Book Synopsis A Reformulation-Linearization Technique for Solving Discrete and Continuous Nonconvex Problems by : Hanif D. Sherali

Download or read book A Reformulation-Linearization Technique for Solving Discrete and Continuous Nonconvex Problems written by Hanif D. Sherali and published by Springer Science & Business Media. This book was released on 2013-04-17 with total page 529 pages. Available in PDF, EPUB and Kindle.

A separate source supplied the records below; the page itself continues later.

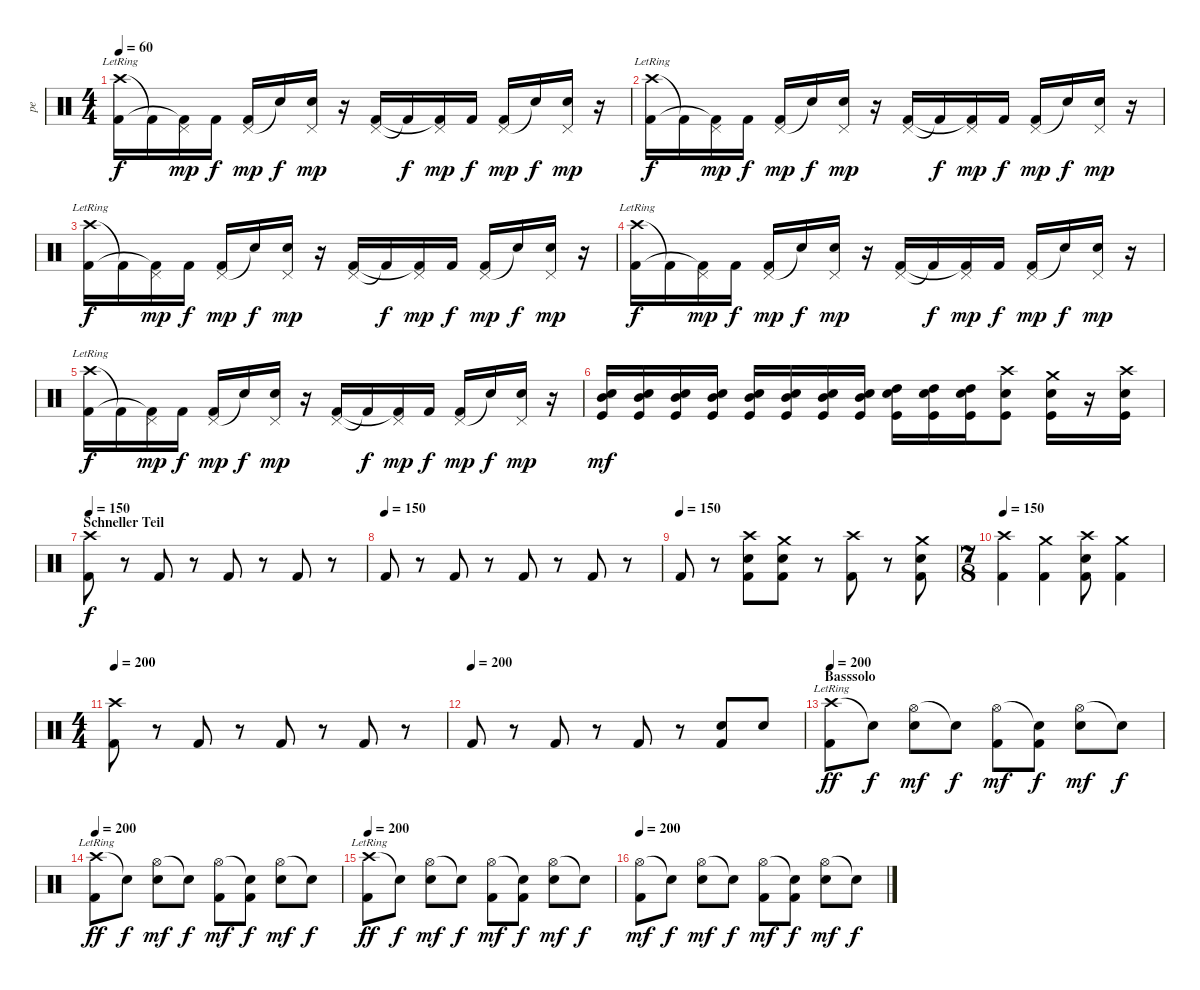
\track ("pe" "pe") {instrument percussion}
\staff {score}
\articulation defaults
\ts (4 4)
\tempo 60
\clef neutral
\ks c
("Crash high (hit)"{lr} "Kick (hit) 2").16{dy f} "Kick (hit) 2"{t}.16 ("Pedal Hi-Hat (hit)" "Kick (hit) 2"{t}).16{dy mp} "Kick (hit) 2".16{dy f} ("Pedal Hi-Hat (hit)" "Kick (hit) 2").16{dy mp} "Snare (hit)"{t}.16{dy f} ("Pedal Hi-Hat (hit)" "Snare (hit) 2").16{dy mp} r.16 ("Pedal Hi-Hat (hit)" "Kick (hit) 2").16 "Kick (hit) 2"{t}.16{dy f} ("Pedal Hi-Hat (hit)" "Kick (hit) 2"{t}).16{dy mp} "Kick (hit) 2".16{dy f} ("Pedal Hi-Hat (hit)" "Kick (hit) 2").16{dy mp} "Snare (hit)"{t}.16{dy f} ("Pedal Hi-Hat (hit)" "Snare (hit) 2").16{dy mp} r.16 |
("Crash high (hit)"{lr} "Kick (hit) 2").16{dy f} "Kick (hit) 2"{t}.16 ("Pedal Hi-Hat (hit)" "Kick (hit) 2"{t}).16{dy mp} "Kick (hit) 2".16{dy f} ("Pedal Hi-Hat (hit)" "Kick (hit) 2").16{dy mp} "Snare (hit)"{t}.16{dy f} ("Pedal Hi-Hat (hit)" "Snare (hit) 2").16{dy mp} r.16 ("Pedal Hi-Hat (hit)" "Kick (hit) 2").16 "Kick (hit) 2"{t}.16{dy f} ("Pedal Hi-Hat (hit)" "Kick (hit) 2"{t}).16{dy mp} "Kick (hit) 2".16{dy f} ("Pedal Hi-Hat (hit)" "Kick (hit) 2").16{dy mp} "Snare (hit)"{t}.16{dy f} ("Pedal Hi-Hat (hit)" "Snare (hit) 2").16{dy mp} r.16 |
("Crash high (hit)"{lr} "Kick (hit) 2").16{dy f} "Kick (hit) 2"{t}.16 ("Pedal Hi-Hat (hit)" "Kick (hit) 2"{t}).16{dy mp} "Kick (hit) 2".16{dy f} ("Pedal Hi-Hat (hit)" "Kick (hit) 2").16{dy mp} "Snare (hit)"{t}.16{dy f} ("Pedal Hi-Hat (hit)" "Snare (hit) 2").16{dy mp} r.16 ("Pedal Hi-Hat (hit)" "Kick (hit) 2").16 "Kick (hit) 2"{t}.16{dy f} ("Pedal Hi-Hat (hit)" "Kick (hit) 2"{t}).16{dy mp} "Kick (hit) 2".16{dy f} ("Pedal Hi-Hat (hit)" "Kick (hit) 2").16{dy mp} "Snare (hit)"{t}.16{dy f} ("Pedal Hi-Hat (hit)" "Snare (hit) 2").16{dy mp} r.16 |
("Crash high (hit)"{lr} "Kick (hit) 2").16{dy f} "Kick (hit) 2"{t}.16 ("Pedal Hi-Hat (hit)" "Kick (hit) 2"{t}).16{dy mp} "Kick (hit) 2".16{dy f} ("Pedal Hi-Hat (hit)" "Kick (hit) 2").16{dy mp} "Snare (hit)"{t}.16{dy f} ("Pedal Hi-Hat (hit)" "Snare (hit) 2").16{dy mp} r.16 ("Pedal Hi-Hat (hit)" "Kick (hit) 2").16 "Kick (hit) 2"{t}.16{dy f} ("Pedal Hi-Hat (hit)" "Kick (hit) 2"{t}).16{dy mp} "Kick (hit) 2".16{dy f} ("Pedal Hi-Hat (hit)" "Kick (hit) 2").16{dy mp} "Snare (hit)"{t}.16{dy f} ("Pedal Hi-Hat (hit)" "Snare (hit) 2").16{dy mp} r.16 |
("Crash high (hit)"{lr} "Kick (hit) 2").16{dy f} "Kick (hit) 2"{t}.16 ("Pedal Hi-Hat (hit)" "Kick (hit) 2"{t}).16{dy mp} "Kick (hit) 2".16{dy f} ("Pedal Hi-Hat (hit)" "Kick (hit) 2").16{dy mp} "Snare (hit)"{t}.16{dy f} ("Pedal Hi-Hat (hit)" "Snare (hit) 2").16{dy mp} r.16 ("Pedal Hi-Hat (hit)" "Kick (hit) 2").16 "Kick (hit) 2"{t}.16{dy f} ("Pedal Hi-Hat (hit)" "Kick (hit) 2"{t}).16{dy mp} "Kick (hit) 2".16{dy f} ("Pedal Hi-Hat (hit)" "Kick (hit) 2").16{dy mp} "Snare (hit)"{t}.16{dy f} ("Pedal Hi-Hat (hit)" "Snare (hit) 2").16{dy mp} r.16 |
("Snare (hit) 2" "Mid Tom (hit)" "Kick (hit)").16{dy mf} ("Snare (hit) 2" "Mid Tom (hit)" "Kick (hit)").16 ("Snare (hit) 2" "Mid Tom (hit)" "Kick (hit)").16 ("Snare (hit) 2" "Mid Tom (hit)" "Kick (hit)").16 ("Snare (hit) 2" "Mid Tom (hit)" "Kick (hit)").16 ("Snare (hit) 2" "Mid Tom (hit)" "Kick (hit)").16 ("Snare (hit) 2" "Mid Tom (hit)" "Kick (hit)").16 ("Snare (hit) 2" "Mid Tom (hit)" "Kick (hit)").16 ("Snare (hit) 2" "High Tom (hit)" "Kick (hit)").16 ("Snare (hit) 2" "High Tom (hit)" "Kick (hit)").16 ("Snare (hit) 2" "High Tom (hit)" "Kick (hit)").16 ("Crash high (hit)" "Snare (hit) 2" "Kick (hit)").8 ("Crash medium (hit)" "Snare (hit) 2" "Kick (hit)").16 r.16 ("Crash high (hit)" "Snare (hit) 2" "Kick (hit)").16 |
\section ("" "Schneller Teil")
\tempo 150
("Crash high (hit)" "Kick (hit) 2").8{dy f} r.8 "Kick (hit) 2".8 r.8 "Kick (hit) 2".8 r.8 "Kick (hit) 2".8 r.8 |
\tempo (150)
"Kick (hit) 2".8 r.8 "Kick (hit) 2".8 r.8 "Kick (hit) 2".8 r.8 "Kick (hit) 2".8 r.8 |
\tempo (150)
"Kick (hit) 2".8 r.8 ("Crash high (hit)" "Snare (hit) 2" "Kick (hit) 2").8 ("Crash medium (hit)" "Snare (hit) 2" "Kick (hit) 2").8 r.8 ("Crash high (hit)" "Kick (hit) 2").8 r.8 ("Crash medium (hit)" "Snare (hit) 2" "Kick (hit) 2").8 |
\ts (7 8)
\tempo 150
("Crash high (hit)" "Kick (hit) 2").4 ("Crash medium (hit)" "Kick (hit) 2").4 ("Crash high (hit)" "Snare (hit) 2" "Kick (hit) 2").8 ("Crash medium (hit)" "Kick (hit) 2").4 |
\ts (4 4)
\tempo 200
("Crash high (hit)" "Kick (hit) 2").8 r.8 "Kick (hit) 2".8 r.8 "Kick (hit) 2".8 r.8 "Kick (hit) 2".8 r.8 |
\tempo (200)
"Kick (hit) 2".8 r.8 "Kick (hit) 2".8 r.8 "Kick (hit) 2".8 r.8 ("Snare (hit) 2" "Kick (hit) 2").8 "Snare (hit) 2".8 |
\section ("" "Basssolo")
\tempo 200
("Crash high (hit)"{lr} "Kick (hit) 2").8{dy ff} "Snare (hit)"{t}.8{dy f} ("Hi-Hat (open)" "Snare (hit) 2").8{dy mf} "Snare (hit)"{t}.8{dy f} ("Hi-Hat (open)" "Kick (hit) 2").8{dy mf} ("Snare (hit)"{t} "Kick (hit) 2").8{dy f} ("Hi-Hat (open)" "Snare (hit) 2").8{dy mf} "Snare (hit)"{t}.8{dy f} |
\tempo 200
("Crash high (hit)"{lr} "Kick (hit) 2").8{dy ff} "Snare (hit)"{t}.8{dy f} ("Hi-Hat (open)" "Snare (hit) 2").8{dy mf} "Snare (hit)"{t}.8{dy f} ("Hi-Hat (open)" "Kick (hit) 2").8{dy mf} ("Snare (hit)"{t} "Kick (hit) 2").8{dy f} ("Hi-Hat (open)" "Snare (hit) 2").8{dy mf} "Snare (hit)"{t}.8{dy f} |
\tempo 200
("Crash high (hit)"{lr} "Kick (hit) 2").8{dy ff} "Snare (hit)"{t}.8{dy f} ("Hi-Hat (open)" "Snare (hit) 2").8{dy mf} "Snare (hit)"{t}.8{dy f} ("Hi-Hat (open)" "Kick (hit) 2").8{dy mf} ("Snare (hit)"{t} "Kick (hit) 2").8{dy f} ("Hi-Hat (open)" "Snare (hit) 2").8{dy mf} "Snare (hit)"{t}.8{dy f} |
\tempo 200
("Hi-Hat (open)" "Kick (hit) 2").8{dy mf} "Snare (hit)"{t}.8{dy f} ("Hi-Hat (open)" "Snare (hit) 2").8{dy mf} "Snare (hit)"{t}.8{dy f} ("Hi-Hat (open)" "Kick (hit) 2").8{dy mf} ("Snare (hit)"{t} "Kick (hit) 2").8{dy f} ("Hi-Hat (open)" "Snare (hit) 2").8{dy mf} "Snare (hit)"{t}.8{dy f}

Book excerpt: This book deals with the theory and applications of the Reformulation- Linearization/Convexification Technique (RL T) for solving nonconvex optimization problems. A unified treatment of discrete and continuous nonconvex programming problems is presented using this approach. In essence, the bridge between these two types of nonconvexities is made via a polynomial representation of discrete constraints. For example, the binariness on a 0-1 variable x . can be equivalently J expressed as the polynomial constraint x . (1-x . ) = 0. The motivation for this book is J J the role of tight linear/convex programming representations or relaxations in solving such discrete and continuous nonconvex programming problems. The principal thrust is to commence with a model that affords a useful representation and structure, and then to further strengthen this representation through automatic reformulation and constraint generation techniques. As mentioned above, the focal point of this book is the development and application of RL T for use as an automatic reformulation procedure, and also, to generate strong valid inequalities. The RLT operates in two phases. In the Reformulation Phase, certain types of additional implied polynomial constraints, that include the aforementioned constraints in the case of binary variables, are appended to the problem. The resulting problem is subsequently linearized, except that certain convex constraints are sometimes retained in XV particular special cases, in the Linearization/Convexijication Phase. This is done via the definition of suitable new variables to replace each distinct variable-product term. The higher dimensional representation yields a linear (or convex) programming relaxation.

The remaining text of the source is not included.